Ora, irmãos, com respeito ao ano que se aproxima, eu espero que ele seja um ano de felicidade para vocês, —
de forma muito enfática desejo a todos vocês um Feliz Ano Novo, — mas ninguém pode ter certeza de que ele
será um ano livre de dificuldades.
Pelo contrário, tenha a segura confiança de que não será assim, porque, como é certo que as faíscas sobem
para o alto, o homem nasce para as dificuldades.
Cada um de nós possui amados amigos, muitos rostos queridos com os quais nos regozijamos — que eles
possam sorrir para nós ainda por muito tempo: mas lembre-se de que cada um deles pode vir a ser ocasião de
tristeza durante o próximo ano, porque não existe nenhum filho imortal, nenhum marido imortal, nenhuma
esposa imortal, nenhum amigo imortal, e, portanto, alguns deles podem morrer durante o ano.
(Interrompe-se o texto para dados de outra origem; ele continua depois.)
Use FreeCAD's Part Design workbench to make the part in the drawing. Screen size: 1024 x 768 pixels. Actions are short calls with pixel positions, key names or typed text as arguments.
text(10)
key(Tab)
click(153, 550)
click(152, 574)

Além do mais, os confortos com os quais nos cercamos podem tomar para si asas antes que o ano cumpra
seus meses. As alegrias terrenas são todas como que feitas de neve, se desfazem com a mais leve brisa, e se
vão antes de terminarmos de agradecer sua chegada. Pode ser que você tenha um ano de seca e escassez de
pão; pode ser que anos magros e desagradáveis lhe estejam reservados.
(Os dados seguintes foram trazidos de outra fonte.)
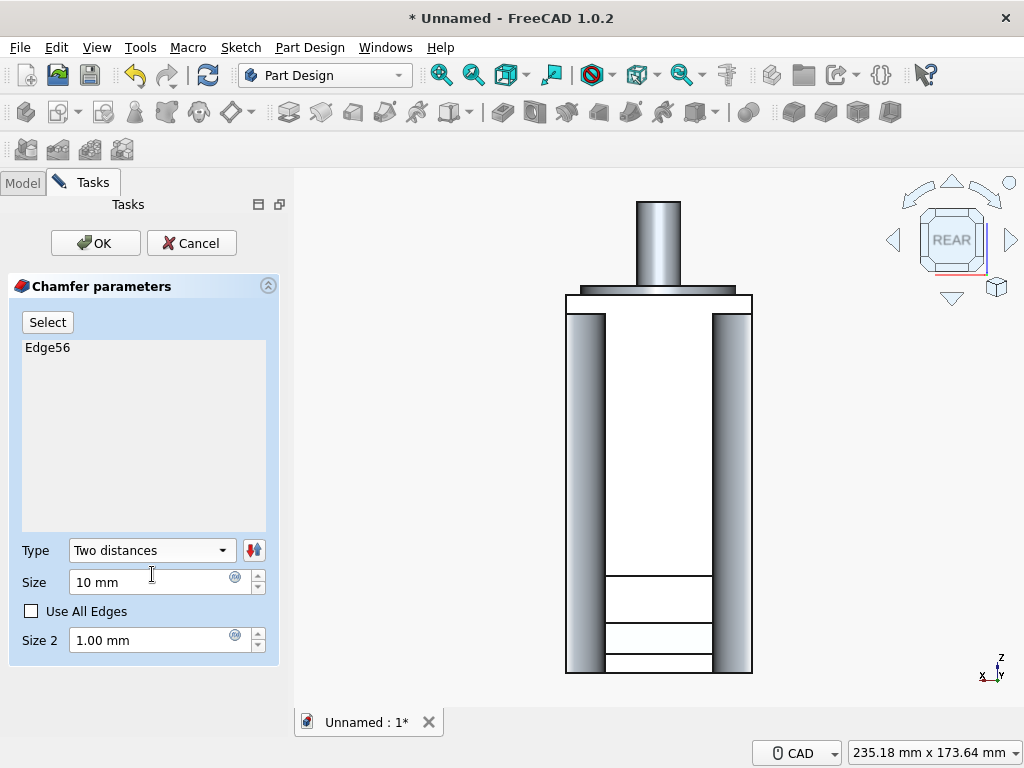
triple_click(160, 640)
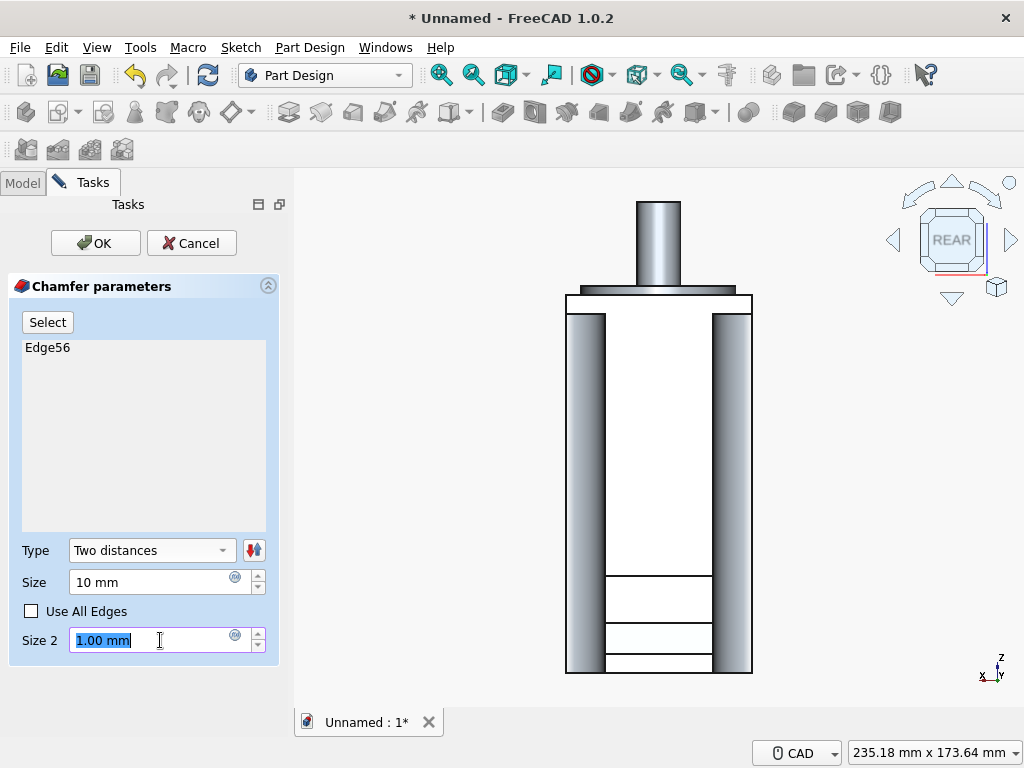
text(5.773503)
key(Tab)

Sim, e ainda mais, talvez durante o ano que já está quase amanhecendo você possa recolher seus pés à cama
e morrer, para encontrar-se com Deus Pai.
Pois bem, com relação a este ano que está próximo e suas possibilidades desoladoras, devemos viver
cabisbaixos e tristonhos? Devemos pedir a morte ou desejar nunca ter nascido? De modo algum. Devemos, por
outro lado, viver de forma despreocupada e risonha em todas as circunstâncias? Não, isso soaria doentio nos
filhos de Deus.
O que faremos? Iremos pronunciar esta oração: “Pai, glorifica teu nome.” Isto significa dizer: se devo perder
minha propriedade, glorifica teu nome na minha pobreza; se devo ser roubado, glorifica teu nome em meu
sofrimento; se devo ser morto, glorifica teu nome em minha partida.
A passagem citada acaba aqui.